I am closing this ticket, even I did not have a clue how to avoid the "byte burst" and why GPIO speed setting matters so match to see a SCK signal on scope.

KDJEM.1
ST Employee

Hello @tjaekel ,

Thank you these interesting details and explanations.

It is mentioned in the datasheet that the Octo-SPI  pins support 'very high' and 'high' functionality. I think the AN5050 precisely section 6.2.3 OCTOSPI GPIOs and clocks configuration can help you to configure the OCTOSPI GPIO pins.

For the byte burst issue could you please try to disable the optimization. Note that it is recommended to use compiler optimization level –O0 when building a project that must be debugged. Debugging with optimization level –Og may work but higher optimization level is hard to debug because of compiler code optimization. For more details please refer to  UM260 "STM32CubeIDE user guide" section 3. Debug.

For STM32 U5, any of four different clock sources (SYSCLk, MSIK, pll1_q_ck, pll2_q_ck) can be used for the OCTOSPI clock source.
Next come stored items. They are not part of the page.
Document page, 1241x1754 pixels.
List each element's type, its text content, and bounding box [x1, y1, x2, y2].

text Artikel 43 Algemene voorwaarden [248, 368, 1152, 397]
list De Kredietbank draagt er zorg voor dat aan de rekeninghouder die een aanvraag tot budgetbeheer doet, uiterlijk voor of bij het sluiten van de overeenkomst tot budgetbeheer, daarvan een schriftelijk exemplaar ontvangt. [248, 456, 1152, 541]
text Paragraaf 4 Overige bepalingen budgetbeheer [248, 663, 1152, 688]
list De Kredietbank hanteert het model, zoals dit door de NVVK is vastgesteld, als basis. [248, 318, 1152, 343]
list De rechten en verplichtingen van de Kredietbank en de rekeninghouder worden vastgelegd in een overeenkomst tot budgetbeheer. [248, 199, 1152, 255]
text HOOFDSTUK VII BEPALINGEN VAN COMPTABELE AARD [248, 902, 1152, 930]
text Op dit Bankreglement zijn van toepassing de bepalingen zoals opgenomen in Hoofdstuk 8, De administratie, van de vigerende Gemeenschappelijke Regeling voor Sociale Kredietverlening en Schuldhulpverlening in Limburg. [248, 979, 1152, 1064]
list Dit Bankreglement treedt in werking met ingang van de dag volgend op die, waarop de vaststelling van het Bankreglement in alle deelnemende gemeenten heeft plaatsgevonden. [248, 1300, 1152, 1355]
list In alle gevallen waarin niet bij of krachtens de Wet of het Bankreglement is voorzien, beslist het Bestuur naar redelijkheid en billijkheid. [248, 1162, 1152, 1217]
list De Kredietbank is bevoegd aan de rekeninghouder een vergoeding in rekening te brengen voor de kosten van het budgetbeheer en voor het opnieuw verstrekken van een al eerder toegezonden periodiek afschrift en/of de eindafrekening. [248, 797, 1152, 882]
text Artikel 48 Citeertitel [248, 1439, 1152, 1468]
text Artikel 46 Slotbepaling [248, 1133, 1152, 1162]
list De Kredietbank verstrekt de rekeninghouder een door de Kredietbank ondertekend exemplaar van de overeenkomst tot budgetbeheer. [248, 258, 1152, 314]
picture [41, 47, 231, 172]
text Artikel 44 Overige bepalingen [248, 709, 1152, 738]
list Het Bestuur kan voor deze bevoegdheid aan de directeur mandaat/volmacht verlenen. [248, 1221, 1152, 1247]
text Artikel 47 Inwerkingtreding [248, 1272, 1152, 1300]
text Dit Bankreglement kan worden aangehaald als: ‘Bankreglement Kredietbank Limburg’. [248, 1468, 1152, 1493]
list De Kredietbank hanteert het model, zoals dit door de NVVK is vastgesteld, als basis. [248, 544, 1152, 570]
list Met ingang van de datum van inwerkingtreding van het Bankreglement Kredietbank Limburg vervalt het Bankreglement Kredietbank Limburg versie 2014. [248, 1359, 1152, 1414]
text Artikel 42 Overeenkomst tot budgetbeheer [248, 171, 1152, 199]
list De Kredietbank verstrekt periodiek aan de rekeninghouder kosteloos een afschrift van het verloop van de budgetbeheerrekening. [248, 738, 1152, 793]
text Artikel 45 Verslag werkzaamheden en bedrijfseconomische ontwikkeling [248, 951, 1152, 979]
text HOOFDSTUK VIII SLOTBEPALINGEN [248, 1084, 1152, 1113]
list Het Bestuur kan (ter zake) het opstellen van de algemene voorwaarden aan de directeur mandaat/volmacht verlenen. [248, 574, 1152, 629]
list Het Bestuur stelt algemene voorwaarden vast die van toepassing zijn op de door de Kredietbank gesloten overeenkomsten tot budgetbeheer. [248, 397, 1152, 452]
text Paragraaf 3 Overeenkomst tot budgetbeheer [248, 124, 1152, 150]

So, PLL3 can't be used as OCTOSPI clock source.  

Thank you for your contribution in STCommunity 🙂.

Kaouthar

 

To give better visibility on the answered topics, please click on Accept as Solution on the reply which solved your issue or answered your question.

Thank you.
Yes, AN5050 says clearly on page 27:

Note:     All GPIOs have to be configured in very high-speed configuration.

This is the answer (and confirms what I have realized).
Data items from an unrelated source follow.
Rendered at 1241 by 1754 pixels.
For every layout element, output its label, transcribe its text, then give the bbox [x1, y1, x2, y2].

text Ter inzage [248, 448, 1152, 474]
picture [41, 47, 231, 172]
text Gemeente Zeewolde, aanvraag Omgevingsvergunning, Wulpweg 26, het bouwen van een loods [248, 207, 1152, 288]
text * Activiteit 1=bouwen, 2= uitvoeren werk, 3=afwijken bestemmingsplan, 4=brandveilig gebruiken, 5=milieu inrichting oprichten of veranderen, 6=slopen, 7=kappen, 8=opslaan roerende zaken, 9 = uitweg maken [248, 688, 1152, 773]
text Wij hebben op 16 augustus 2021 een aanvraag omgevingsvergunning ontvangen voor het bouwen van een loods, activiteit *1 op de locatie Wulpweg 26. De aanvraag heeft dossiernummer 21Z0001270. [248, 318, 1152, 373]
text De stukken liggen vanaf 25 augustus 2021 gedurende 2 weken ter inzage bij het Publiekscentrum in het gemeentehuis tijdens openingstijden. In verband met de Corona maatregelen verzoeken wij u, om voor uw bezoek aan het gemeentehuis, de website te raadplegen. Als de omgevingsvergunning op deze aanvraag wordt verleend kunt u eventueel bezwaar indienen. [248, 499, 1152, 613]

I am aware of the debug and optimization flags (for debug I use -g3 and -Og).
I was trying to get rid of the byte bursts on QSPI. And this optimization setting has a small influence: byte bursts happen later now (when set for -none and -O3).
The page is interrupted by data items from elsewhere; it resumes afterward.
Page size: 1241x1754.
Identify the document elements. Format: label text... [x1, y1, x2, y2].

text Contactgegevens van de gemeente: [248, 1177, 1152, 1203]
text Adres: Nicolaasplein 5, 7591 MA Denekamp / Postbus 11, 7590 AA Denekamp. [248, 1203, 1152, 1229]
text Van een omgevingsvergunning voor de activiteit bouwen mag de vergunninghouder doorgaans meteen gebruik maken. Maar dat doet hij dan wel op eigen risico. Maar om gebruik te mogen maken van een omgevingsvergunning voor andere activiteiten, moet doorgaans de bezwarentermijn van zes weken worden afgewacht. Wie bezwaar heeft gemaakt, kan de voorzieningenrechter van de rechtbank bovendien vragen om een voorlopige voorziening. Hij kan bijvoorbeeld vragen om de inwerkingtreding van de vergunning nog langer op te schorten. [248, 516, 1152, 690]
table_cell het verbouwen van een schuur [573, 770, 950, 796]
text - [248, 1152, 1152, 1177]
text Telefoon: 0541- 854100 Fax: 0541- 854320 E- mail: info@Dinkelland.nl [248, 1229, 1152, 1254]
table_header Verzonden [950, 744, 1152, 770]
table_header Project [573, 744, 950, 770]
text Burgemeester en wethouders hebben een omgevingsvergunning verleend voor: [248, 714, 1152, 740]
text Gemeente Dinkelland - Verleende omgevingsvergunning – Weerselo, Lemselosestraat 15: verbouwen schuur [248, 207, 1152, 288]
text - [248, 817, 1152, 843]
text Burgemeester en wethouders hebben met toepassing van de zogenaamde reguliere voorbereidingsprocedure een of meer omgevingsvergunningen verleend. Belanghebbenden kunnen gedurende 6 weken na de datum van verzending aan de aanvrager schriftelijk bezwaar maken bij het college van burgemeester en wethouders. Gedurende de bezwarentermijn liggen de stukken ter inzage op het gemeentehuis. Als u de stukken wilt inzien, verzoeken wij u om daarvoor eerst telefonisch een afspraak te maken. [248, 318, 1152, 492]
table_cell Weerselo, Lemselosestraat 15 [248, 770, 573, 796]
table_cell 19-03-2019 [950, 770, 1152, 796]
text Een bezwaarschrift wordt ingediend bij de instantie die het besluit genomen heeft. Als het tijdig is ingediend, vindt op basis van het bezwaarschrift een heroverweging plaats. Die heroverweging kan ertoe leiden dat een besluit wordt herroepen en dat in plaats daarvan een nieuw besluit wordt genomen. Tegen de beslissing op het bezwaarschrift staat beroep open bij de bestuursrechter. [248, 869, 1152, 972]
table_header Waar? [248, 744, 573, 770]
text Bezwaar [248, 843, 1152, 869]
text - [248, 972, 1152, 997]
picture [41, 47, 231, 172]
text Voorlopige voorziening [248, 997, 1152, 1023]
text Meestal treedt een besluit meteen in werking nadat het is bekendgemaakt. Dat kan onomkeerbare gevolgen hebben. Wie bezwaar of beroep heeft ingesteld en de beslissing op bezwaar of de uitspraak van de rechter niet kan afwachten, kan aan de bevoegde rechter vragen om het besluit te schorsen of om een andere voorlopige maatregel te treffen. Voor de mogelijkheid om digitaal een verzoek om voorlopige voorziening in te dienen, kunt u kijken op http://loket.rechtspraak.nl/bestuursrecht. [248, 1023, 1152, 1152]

Just not yet successful to have a "gap-less" stream of words on QSPI. After a while it turns into "byte bursts" (two clock cycles for 8bits but a gap between these bytes, even all as 32bit words). Using the FIFO (other thresholds) does not help.
But OK: it works still (waveform is correct). All fine for now.

DMA.  The Core can't keep up at the higher QSPI clock rates.